22.1.2020
L’INVIDIA TRA PSICOLOGIA ED ETICA
Ormai da molti anni, con un gruppetto di amici, ci incontriamo due volte al mese a cena per conversare su un libro che ci siamo assegnati alla fine dell’incontro precedente. In queste settimane è la volta di un libretto a quattro voci, a cura di Giovanni Salonia, intitolato I come invidia. Una lettura gestaltica (Cittadella, Assisi 2015).

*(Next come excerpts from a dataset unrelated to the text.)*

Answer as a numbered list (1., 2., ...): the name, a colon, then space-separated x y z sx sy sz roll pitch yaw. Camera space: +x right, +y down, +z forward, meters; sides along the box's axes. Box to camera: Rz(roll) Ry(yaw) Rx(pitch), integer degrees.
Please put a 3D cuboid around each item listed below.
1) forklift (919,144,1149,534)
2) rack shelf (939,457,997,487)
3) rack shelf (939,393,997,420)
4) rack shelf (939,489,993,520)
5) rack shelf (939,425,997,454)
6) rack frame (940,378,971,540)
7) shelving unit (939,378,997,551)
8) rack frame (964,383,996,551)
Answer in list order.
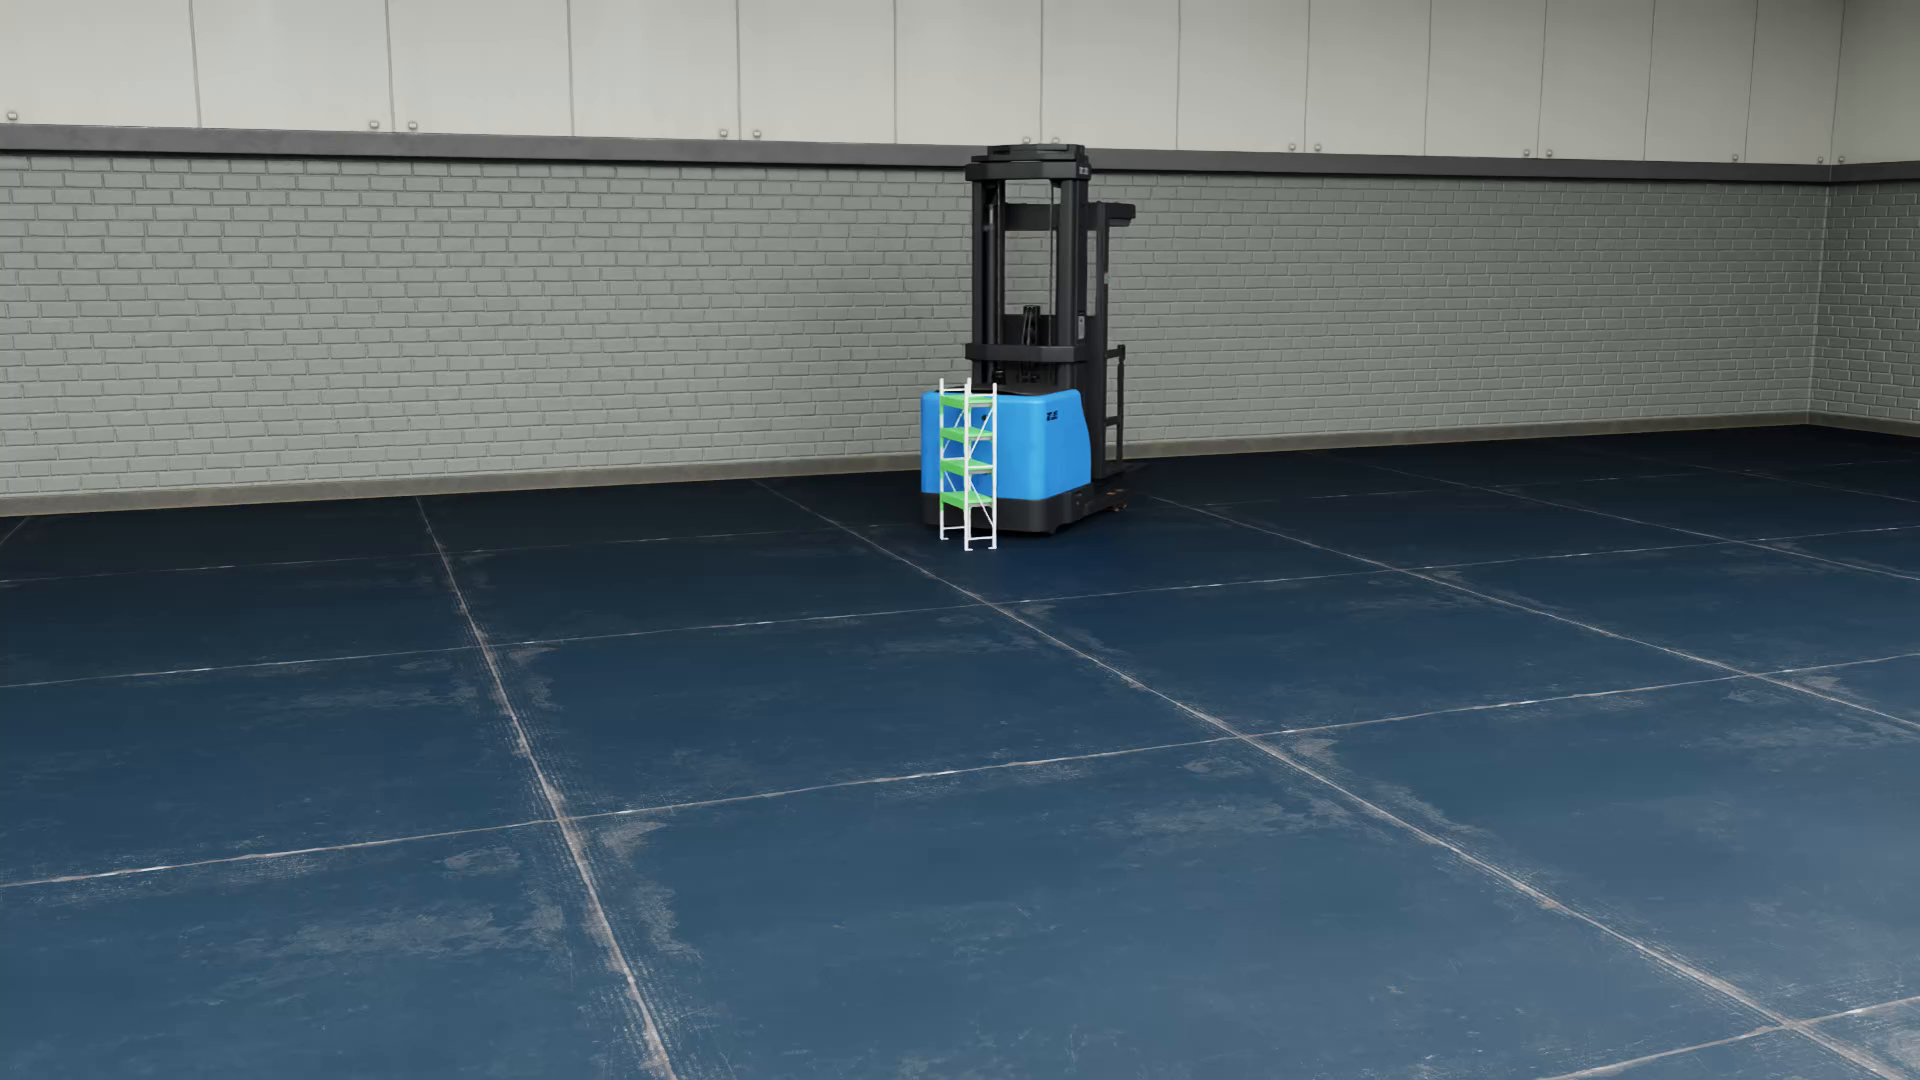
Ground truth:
1. forklift: 0.767 -1.702 13.618 1.130 2.935 3.031 5 11 25
2. rack shelf: 0.055 -0.498 12.159 0.258 0.148 0.480 -4 11 -21
3. rack shelf: 0.055 -0.971 12.075 0.258 0.148 0.480 -4 11 -21
4. rack shelf: 0.055 -0.262 12.201 0.258 0.148 0.480 -4 11 -21
5. rack shelf: 0.055 -0.734 12.117 0.258 0.148 0.480 -4 11 -21
6. rack frame: -0.035 -0.601 12.371 0.240 1.200 0.015 -4 11 -21
7. shelving unit: 0.055 -0.561 12.148 0.258 1.200 0.503 -4 11 -21
8. rack frame: 0.146 -0.521 11.925 0.240 1.200 0.015 -4 11 -21

La discussione ha fatto emergere una difficoltà altre volte esperita: poiché nella storia dell’Occidente ogni parola attraversa trasformazioni semantiche profonde, se non si chiarisce preliminarmente il significato preciso in cui la si assume si rischia l’incomprensione. Nel caso di invidia, il vocabolo è stato adottato in almeno tre accezioni differenti. La prima (ben illustrata dal saggio di Valentina Chinnici, Antropologia di una passione triste. L’invidia nel mondo classico, che costituisce la prima parte di questo testo) potremmo definirla mitico-simbolica: “Per gli antichi l’invidia era molto più di un sentimento negativo o di un semplice vizio. Invidia era in effetti una forza potente e distruttiva, dalla quale bisognava in ogni modo difendersi” (p. 15). Di questa prima valenza semantica è rimasta un’eco nel linguaggio contemporaneo: per esempio quando affermiamo che qualcuno è “rimasto vittima” dell’invidia o vi “ha ceduto” o non vi ha saputo “resistere”.

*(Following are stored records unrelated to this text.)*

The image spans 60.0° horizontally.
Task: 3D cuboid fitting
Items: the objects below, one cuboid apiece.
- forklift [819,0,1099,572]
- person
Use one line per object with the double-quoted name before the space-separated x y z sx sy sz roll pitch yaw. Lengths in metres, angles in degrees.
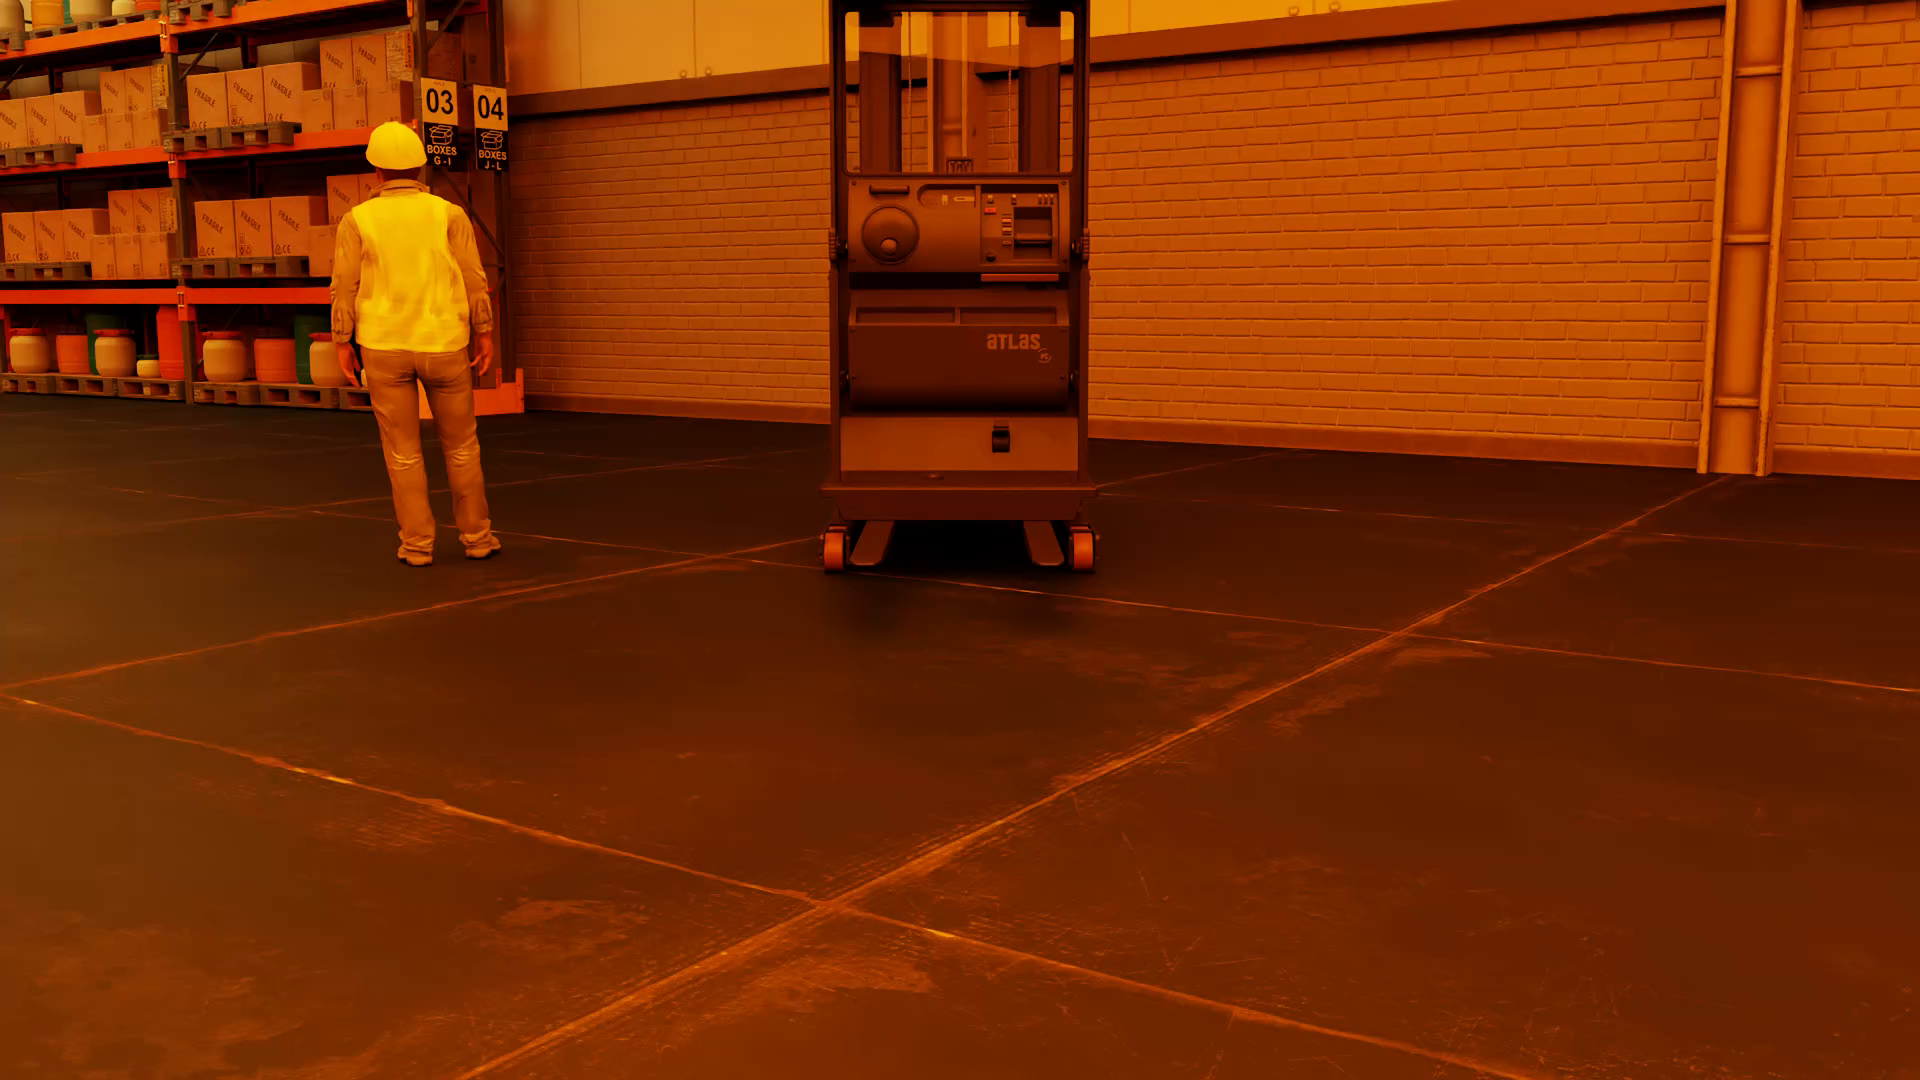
"forklift" -0.003 -1.363 6.779 1.130 2.935 3.031 0 8 0
"person" -2.236 -0.793 6.825 0.633 1.776 0.566 -3 9 -18

Poiché questo modo di concepire le passioni umane rischia di de-responsabilizzare i soggetti (celebre l’orazione di Gorgia che assolve Elena nell’ipotesi che si sia invaghita di Paride perché vittima incolpevole di Eros), si è gradatamente affermato un secondo significato che potremmo definire filosofico-teologico: l’invidia come “vizio”, dunque come un’attitudine costante a moltiplicare progetti distruttivi – più raramente anche atti: l’invidia paralizza, immobilizza - nei confronti di chi possiede (oggettivamente o, per lo meno, ai nostri occhi) più di noi.
Con la psicologia e, più specificamente, con la psicoanalisi emerge e s’impone un terzo significato: l’invidia come “sentimento” spontaneo, irriflesso, pre-razionale. Secondo l’icastica definizione di Giovanni Salonia, “l’invidia è il desiderare ciò che l’altro possiede” (p. 37).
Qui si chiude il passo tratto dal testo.